Les séismes au Venezuela font 929 morts et 3 360 blessés ; l'UE déploie des équipes de secours alors que les recherches de disparus se poursuivent
Deux séismes de magnitude 7,2 et 7,5 ont frappé le Venezuela le 24 juin, tuant au moins 929 personnes et en blessant 3 360, selon les autorités. Des dizaines de milliers de personnes sont toujours portées disparues, et le bilan devrait s'alourdir à mesure que les opérations de secours s'intensifient.
Les deux séismes
Mercredi 24 juin, deux puissants séismes de magnitude 7,2 et 7,5 ont frappé le Venezuela à 38 secondes d'intervalle. L'épicentre se trouvait à environ 200 kilomètres de Caracas, mais les secousses ont causé de graves dégâts dans l'État côtier de La Guaira et dans la capitale.

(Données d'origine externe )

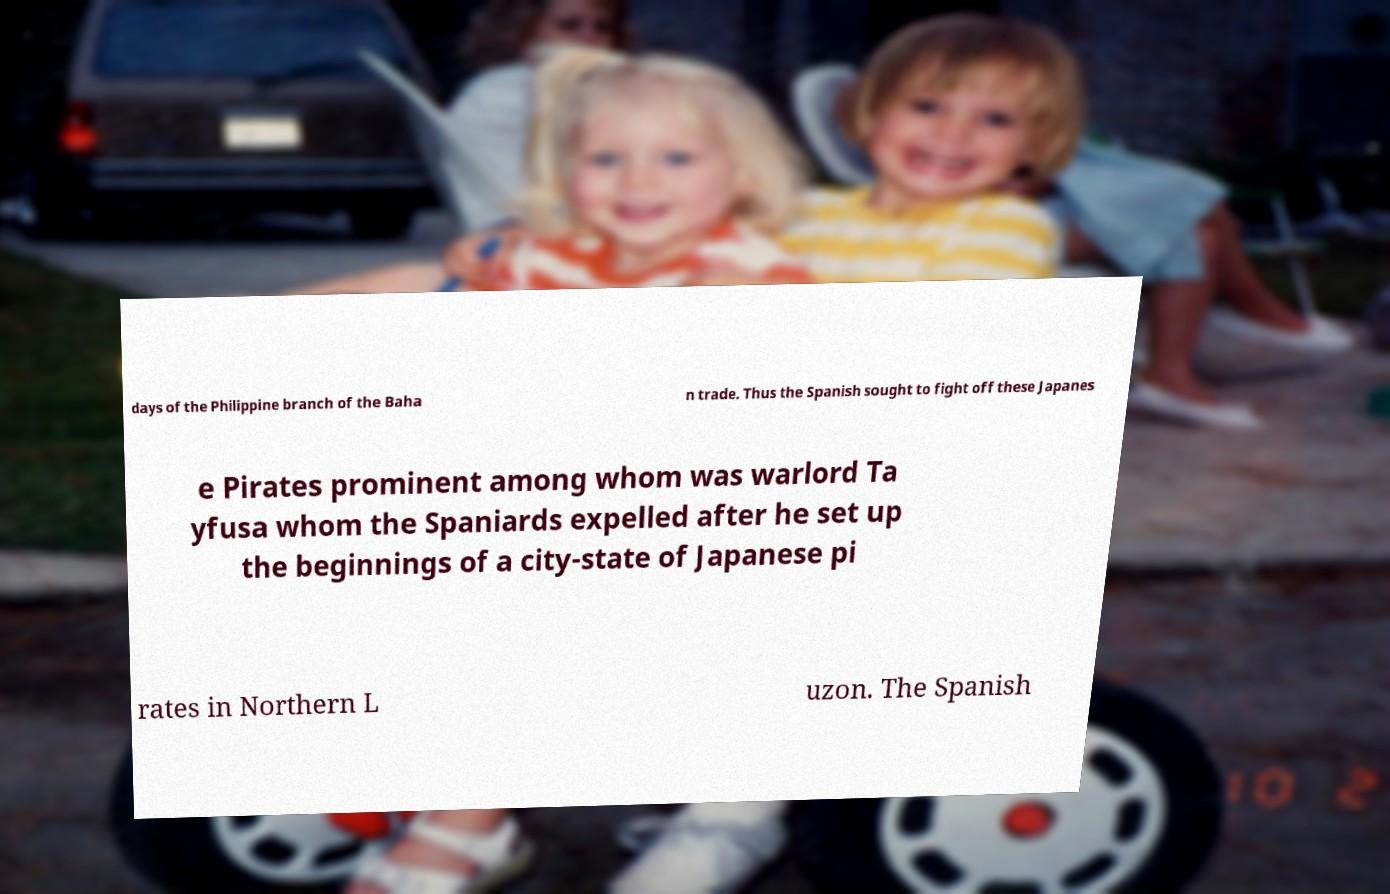Please read and relay the text visible in this image. What does it say? days of the Philippine branch of the Baha n trade. Thus the Spanish sought to fight off these Japanes e Pirates prominent among whom was warlord Ta yfusa whom the Spaniards expelled after he set up the beginnings of a city-state of Japanese pi rates in Northern L uzon. The Spanish

Plus de 20 répliques ont suivi, nivelant des dizaines de bâtiments et perturbant des infrastructures critiques, notamment des hôpitaux.
- Premier séisme
- 7.2 magnitude
- Deuxième séisme
- 7.5 magnitude
Bilan des morts et disparus
Vendredi 26 juin, le bilan officiel s'élevait à 929 morts et 3 360 blessés. Le gouvernement vénézuélien a prévenu que les chiffres continueraient d'augmenter à mesure que les équipes de secours atteindraient des zones plus reculées. L'ONU a indiqué que plus de 50 000 personnes étaient portées disparues, tandis que les autorités locales décrivaient des centaines de personnes non localisées. La communauté portugaise a été durement touchée : au moins 28 ressortissants et descendants portugais ont été tués, et 85 restent portés disparus.
Recherche, sauvetage et aide internationale
Les brigades de pompiers de Caracas ont fouillé les décombres, extrayant des survivants des structures effondrées. Une vidéo largement partagée montrait des pompiers extrayant un chien des gravats, un sauveteur écrivant « Chaque vie compte ». Le Portugal et sept autres pays de l'Union européenne ont annoncé l'envoi d'équipes de recherche et de sauvetage au Venezuela. La Chambre de commerce portugaise du Venezuela a mis en place des points de collecte de dons dans tout le Portugal, de Braga à Madère, pour recueillir de la nourriture, des vêtements et du matériel médical.
C'est comme si une bombe atomique était tombée ici. Les images sont horrifiantes.
Jhonny Gamez Lopes, président de la chambre, était rentré au Portugal la veille de la catastrophe. Il a perdu des amis et des collègues ; les survivants à qui il a parlé ont « perdu absolument tout : ils n'ont ni maison, ni vêtements, rien ».
Une naissance dans les décombres
À La Guaira, une femme a commencé à accoucher alors qu'elle était piégée sous les décombres d'un immeuble effondré. Des secouristes et des bénévoles ont improvisé un espace d'accouchement éclairé uniquement par les lampes torches des téléphones, l'aidant à donner naissance avant que la mère et le bébé ne soient transférés à l'hôpital. Ce moment, capturé en vidéo, a offert une rare note d'espoir au milieu de la destruction.
Une famille toujours piégée
Manuel Sardinha, un employé de supermarché portugais à La Guaira, était au travail lorsque les séismes ont frappé. Sept de ses proches se trouvaient dans leur immeuble. Son fils a été sorti des décombres dans la nuit, mais les autres sont restés sous les gravats, y compris sa petite-fille de sept ans.
Il y a un sentiment étrange à pouvoir perdre un nombre raisonnable de membres de sa famille. Mon fils a réussi à se réfugier dans un coin de l'appartement, mais les six autres personnes étaient près des fenêtres. Ils ont peut-être subi des blessures graves qui, dans le pire des cas, pourraient entraîner la mort.
La femme de Sardinha s'était rendue à Caracas ce jour-là et n'est revenue qu'après 20 heures, apprenant la tragédie à son arrivée à La Guaira. Alors que des générateurs alimentaient les opérations de recherche, la famille attendait des nouvelles qui ne venaient jamais rapidement.